NVIDIA has also written about GPU-accelerated medical image decoding using nvJPEG2000 in the context of DICOM images.
This is where a lot of teams get surprised. They upgrade the model, see no speedup, and the reason is simple: decode and transfers are stalling everything.

What to look for in a GPU setup for medical imaging
You don’t need the “biggest GPU,” but you do need the right shape for your workloads.

First, VRAM. 3D volumes and 3D models eat memory fast.
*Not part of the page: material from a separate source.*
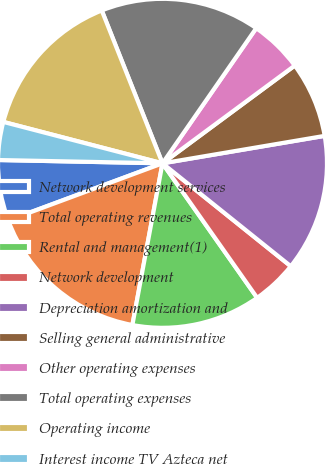<chart> <loc_0><loc_0><loc_500><loc_500><pie_chart><fcel>Network development services<fcel>Total operating revenues<fcel>Rental and management(1)<fcel>Network development<fcel>Depreciation amortization and<fcel>Selling general administrative<fcel>Other operating expenses<fcel>Total operating expenses<fcel>Operating income<fcel>Interest income TV Azteca net<nl><fcel>5.97%<fcel>16.42%<fcel>12.69%<fcel>4.48%<fcel>13.43%<fcel>7.46%<fcel>5.22%<fcel>15.67%<fcel>14.93%<fcel>3.73%<nl></chart>

If you’re doing full-volume inference or training, VRAM is often the first constraint you hit.

Second, predictable throughput. For imaging pipelines, it’s rarely one job. It’s many studies, batching, retries, and a queue that’s always there. Stable performance is more useful than peak benchmarks.

Third, plan for where the data lives. If your GPU is fast but your storage or network is slow, you’ll see stutters. Medical imaging workloads punish slow I/O.

Summary
GPUs matter in medical image processing because the workload is a perfect storm: large 3D data, repeated math, heavy reconstruction steps, and deep learning that lives on tensor ops. Reconstruction benefits from GPU-friendly computation like FFTs in MRI and ultrasound, and iterative approaches in CT can be heavy enough that GPUs become the only practical way to keep turnaround reasonable.

And the less glamorous part is just as real: decode and data movement can bottleneck the whole system, and GPU-accelerated decoding libraries exist for a reason.